State and parameter estimation of the heat shock response system using Kalman and particle filters

Motivation: Traditional models of systems biology describe dynamic biological phenomena as solutions to ordinary differential equations, which, when parameters in them are set to correct values, faithfully mimic observations. Often parameter values are tweaked by hand until desired results are achieved, or computed from biochemical experiments carried out in vitro. Of interest in this article, is the use of probabilistic modelling tools with which parameters and unobserved variables, modelled as hidden states, can be estimated from limited noisy observations of parts of a dynamical system.
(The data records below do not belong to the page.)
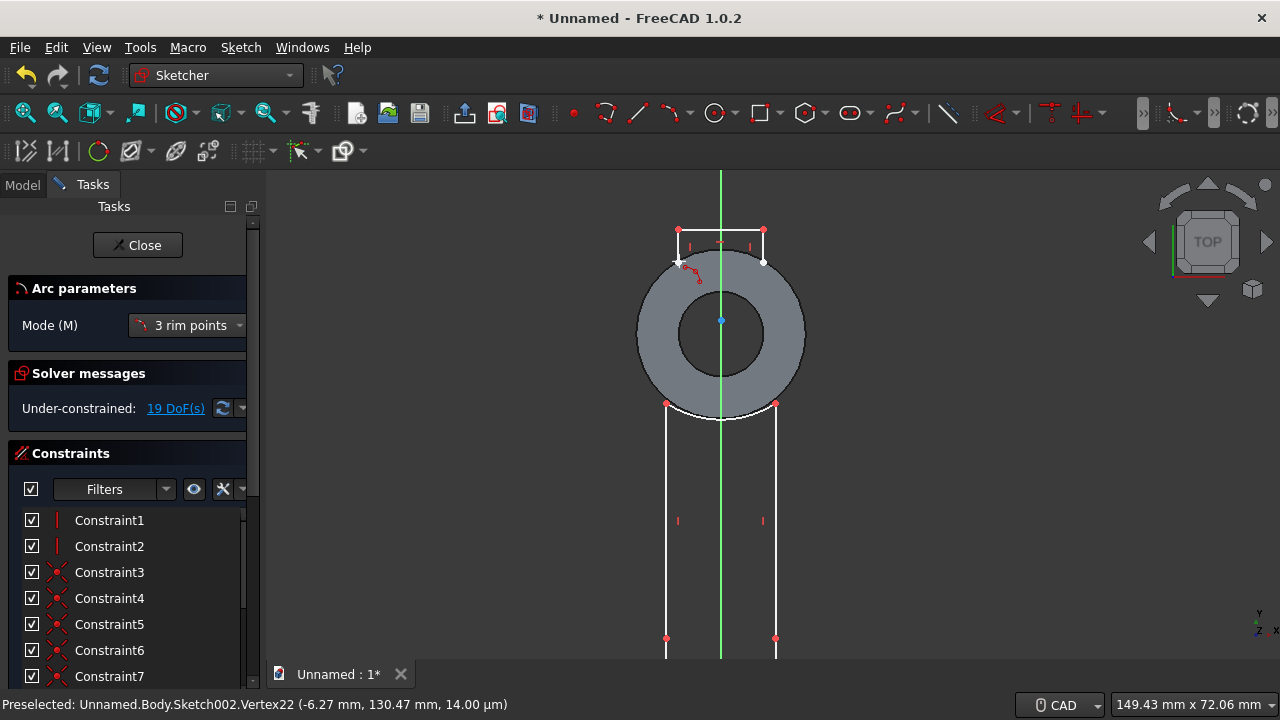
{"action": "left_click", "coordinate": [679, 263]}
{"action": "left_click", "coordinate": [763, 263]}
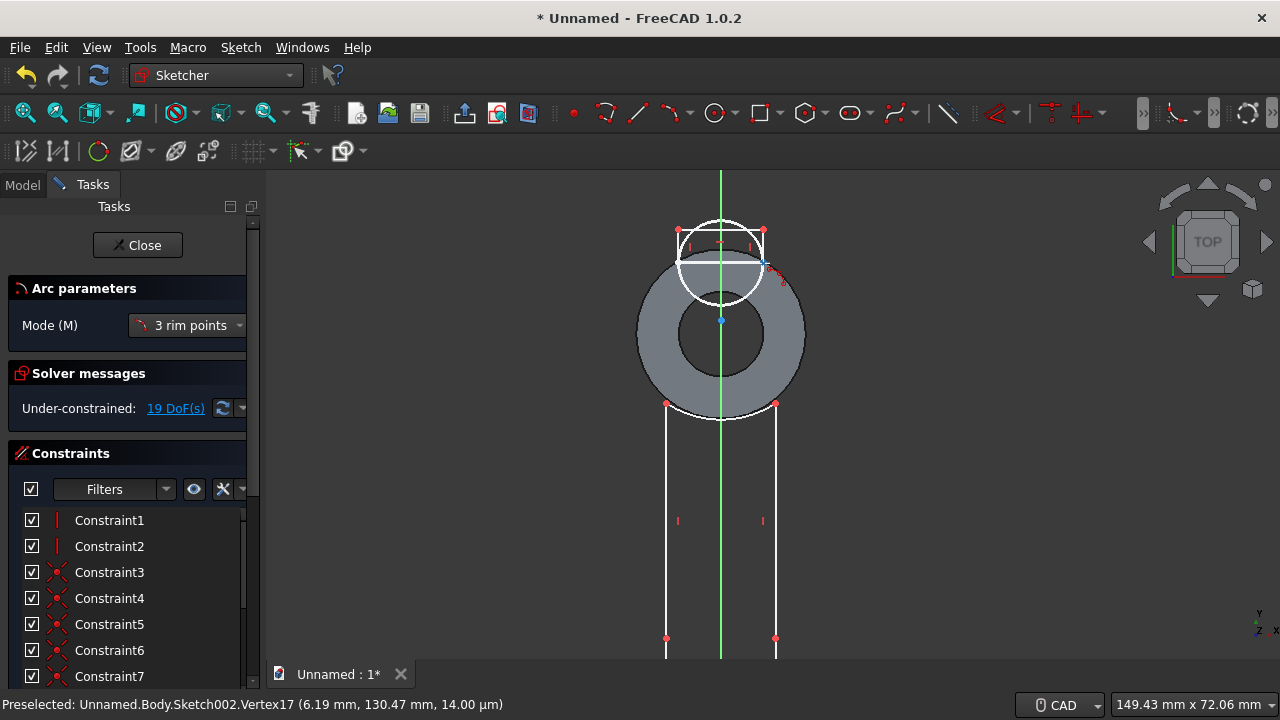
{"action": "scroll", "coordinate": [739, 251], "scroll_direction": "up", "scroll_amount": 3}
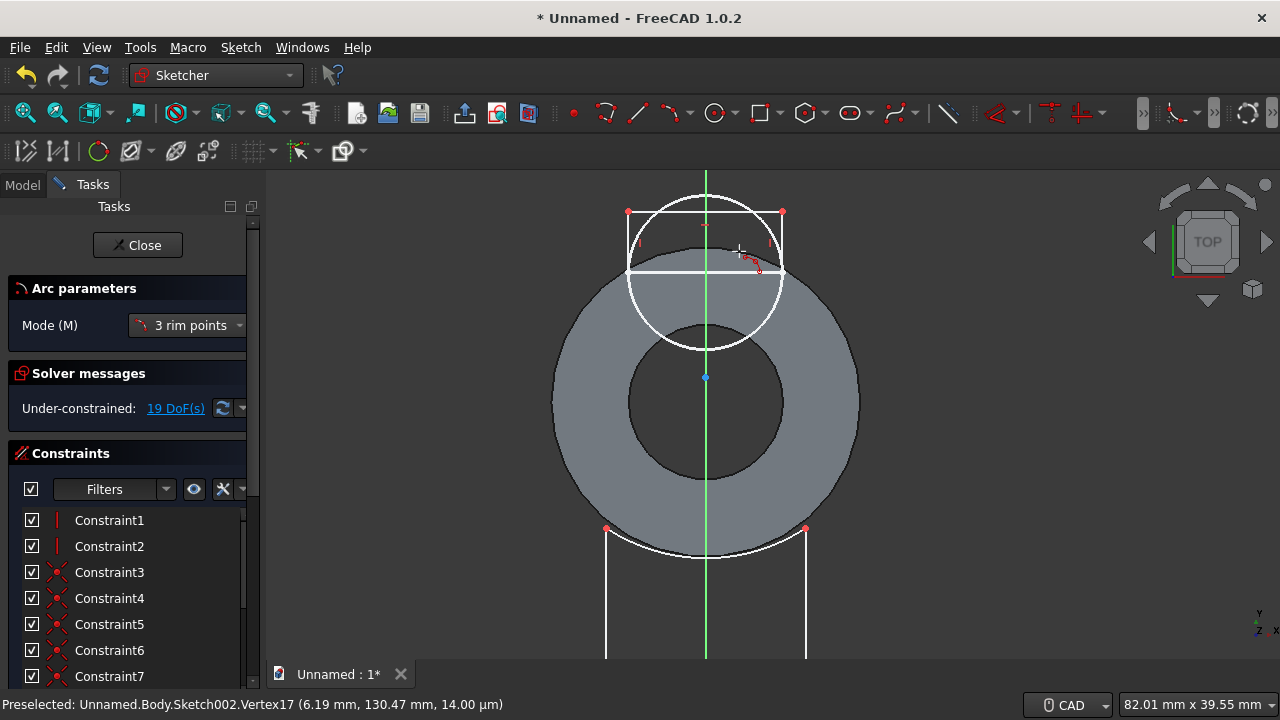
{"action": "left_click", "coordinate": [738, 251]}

Results: Here we focus on sequential filtering methods and take a detailed look at the capabilities of three members of this family: (i) extended Kalman filter (EKF), (ii) unscented Kalman filter (UKF) and (iii) the particle filter, in estimating parameters and unobserved states of cellular response to sudden temperature elevation of the bacterium Escherichia coli. While previous literature has studied this system with the EKF, we show that parameter estimation is only possible with this method when the initial guesses are sufficiently close to the true values. The same turns out to be true for the UKF. In this thorough empirical exploration, we show that the non-parametric method of particle filtering is able to reliably estimate parameters and states, converging from initial distributions relatively far away from the underlying true values.